**Required action:** Beginning at the top of the data below, restate every line word for word until the line containing "Answer: 91 Compare" has been included, and omit the pictures.

━━━ Stored data

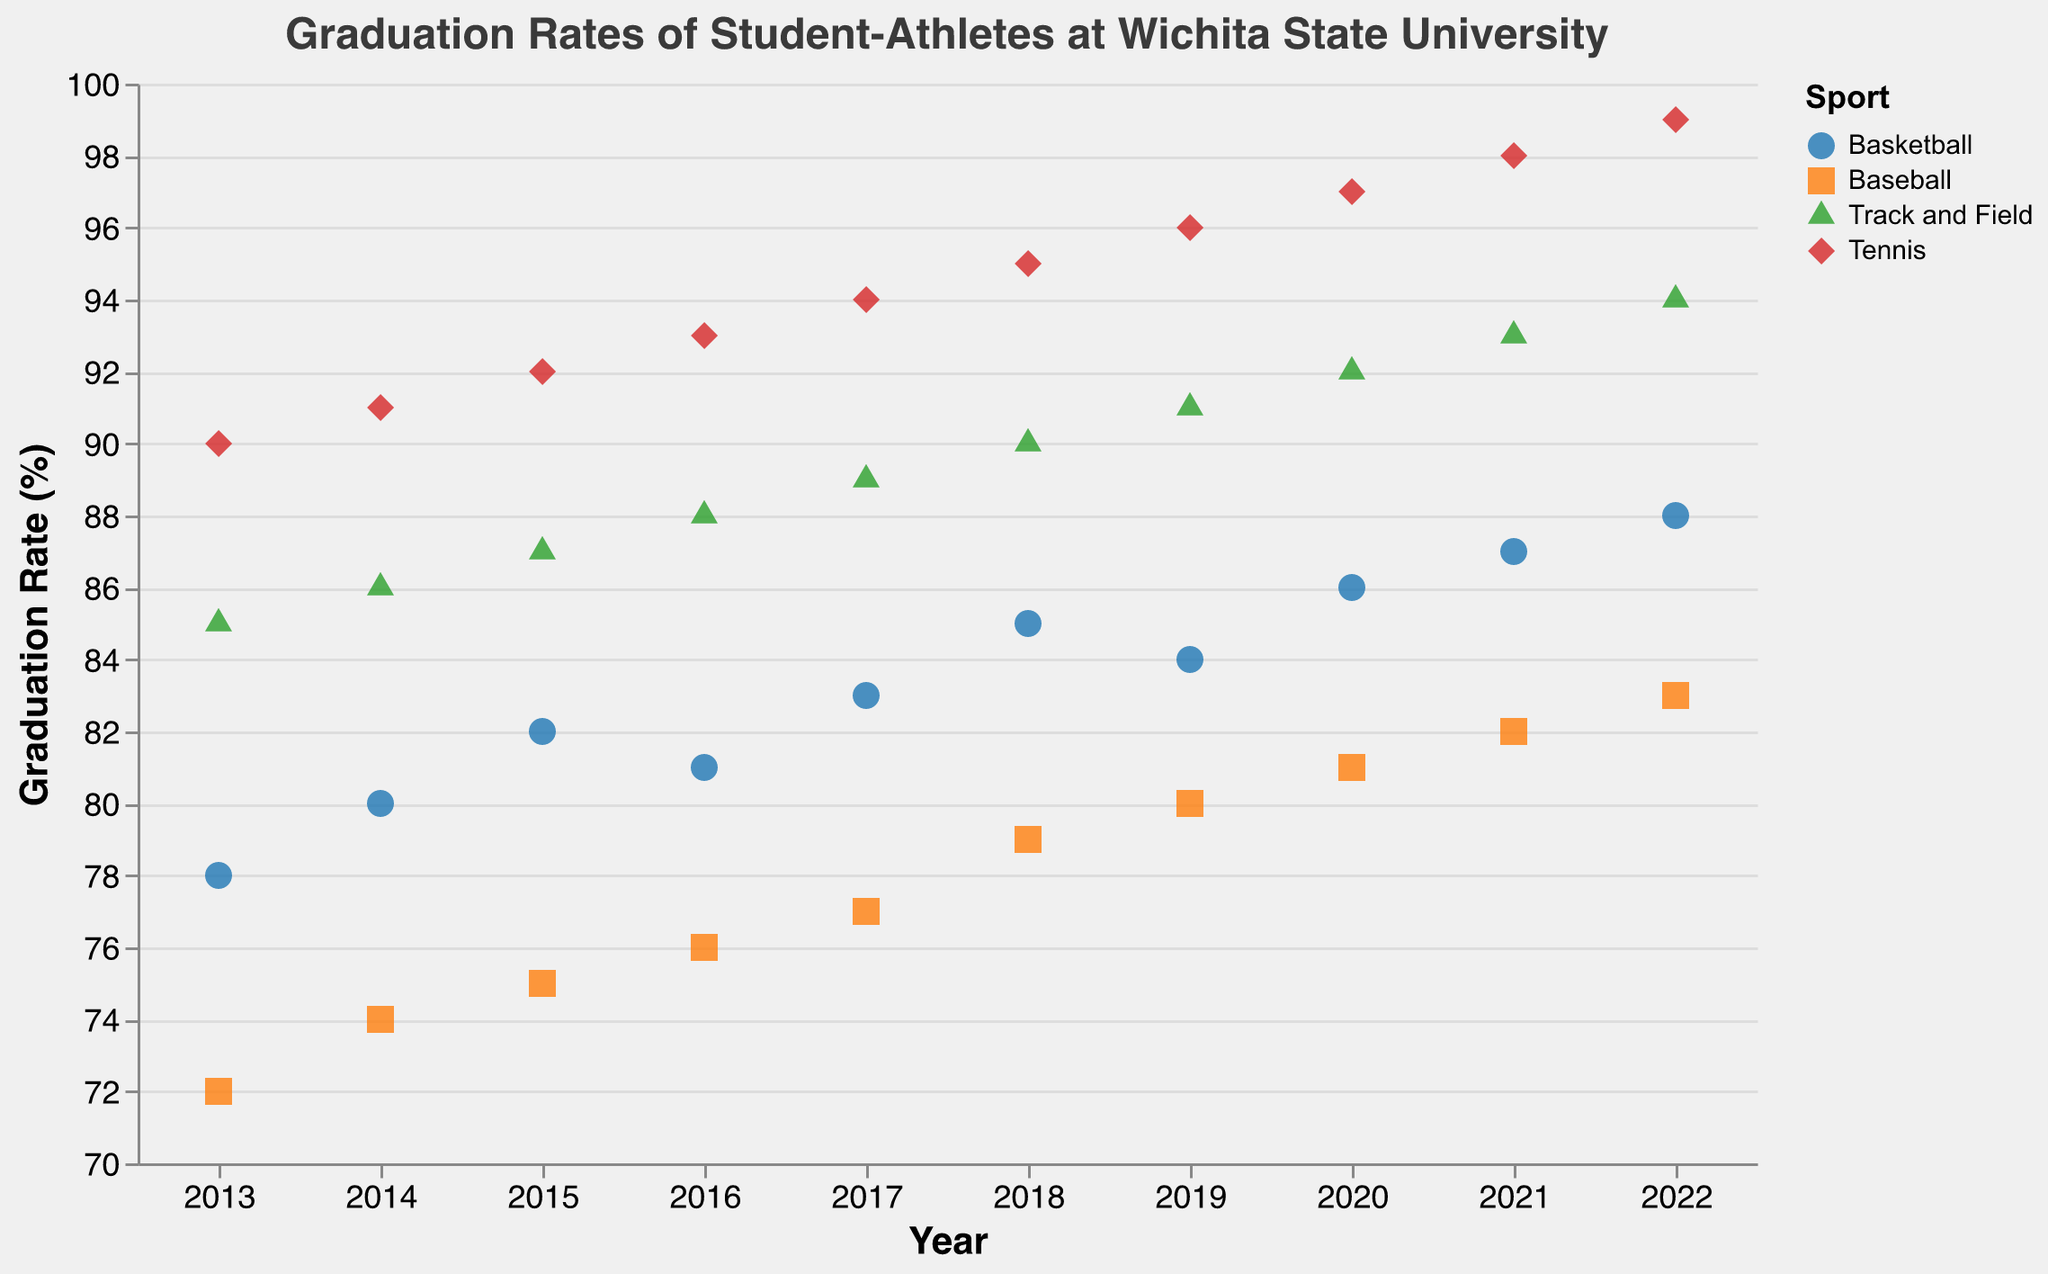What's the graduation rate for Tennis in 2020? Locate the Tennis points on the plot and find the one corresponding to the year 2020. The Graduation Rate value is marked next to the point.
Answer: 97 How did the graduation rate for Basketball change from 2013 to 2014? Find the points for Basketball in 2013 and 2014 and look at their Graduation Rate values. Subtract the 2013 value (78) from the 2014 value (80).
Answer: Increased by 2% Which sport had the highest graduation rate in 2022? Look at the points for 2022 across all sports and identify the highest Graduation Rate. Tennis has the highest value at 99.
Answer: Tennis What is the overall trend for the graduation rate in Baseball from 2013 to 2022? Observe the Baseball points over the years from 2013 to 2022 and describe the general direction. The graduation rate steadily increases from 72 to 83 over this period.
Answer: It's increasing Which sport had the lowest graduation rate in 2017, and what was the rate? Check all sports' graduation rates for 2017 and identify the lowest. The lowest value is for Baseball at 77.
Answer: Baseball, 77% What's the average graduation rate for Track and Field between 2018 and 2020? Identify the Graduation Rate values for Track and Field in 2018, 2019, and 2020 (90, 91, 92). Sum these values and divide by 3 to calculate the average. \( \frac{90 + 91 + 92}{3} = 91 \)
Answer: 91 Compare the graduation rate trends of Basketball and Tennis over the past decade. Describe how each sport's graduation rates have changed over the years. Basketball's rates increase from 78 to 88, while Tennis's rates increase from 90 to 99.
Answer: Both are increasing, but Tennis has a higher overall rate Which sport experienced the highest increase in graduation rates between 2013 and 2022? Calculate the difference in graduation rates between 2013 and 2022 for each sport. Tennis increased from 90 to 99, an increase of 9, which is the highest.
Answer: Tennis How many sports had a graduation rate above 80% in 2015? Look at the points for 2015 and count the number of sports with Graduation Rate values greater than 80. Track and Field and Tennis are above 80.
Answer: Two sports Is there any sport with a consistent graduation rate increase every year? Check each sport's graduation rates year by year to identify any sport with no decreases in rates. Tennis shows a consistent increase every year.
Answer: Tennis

━━━━━━

**Written solution:**
What's the graduation rate for Tennis in 2020? Locate the Tennis points on the plot and find the one corresponding to the year 2020. The Graduation Rate value is marked next to the point.
Answer: 97 How did the graduation rate for Basketball change from 2013 to 2014? Find the points for Basketball in 2013 and 2014 and look at their Graduation Rate values. Subtract the 2013 value (78) from the 2014 value (80).
Answer: Increased by 2% Which sport had the highest graduation rate in 2022? Look at the points for 2022 across all sports and identify the highest Graduation Rate. Tennis has the highest value at 99.
Answer: Tennis What is the overall trend for the graduation rate in Baseball from 2013 to 2022? Observe the Baseball points over the years from 2013 to 2022 and describe the general direction. The graduation rate steadily increases from 72 to 83 over this period.
Answer: It's increasing Which sport had the lowest graduation rate in 2017, and what was the rate? Check all sports' graduation rates for 2017 and identify the lowest. The lowest value is for Baseball at 77.
Answer: Baseball, 77% What's the average graduation rate for Track and Field between 2018 and 2020? Identify the Graduation Rate values for Track and Field in 2018, 2019, and 2020 (90, 91, 92). Sum these values and divide by 3 to calculate the average. \( \frac{90 + 91 + 92}{3} = 91 \)
Answer: 91 Compare the graduation rate trends of Basketball and Tennis over the past decade. Describe how each sport's graduation rates have changed over the years. Basketball's rates increase from 78 to 88, while Tennis's rates increase from 90 to 99.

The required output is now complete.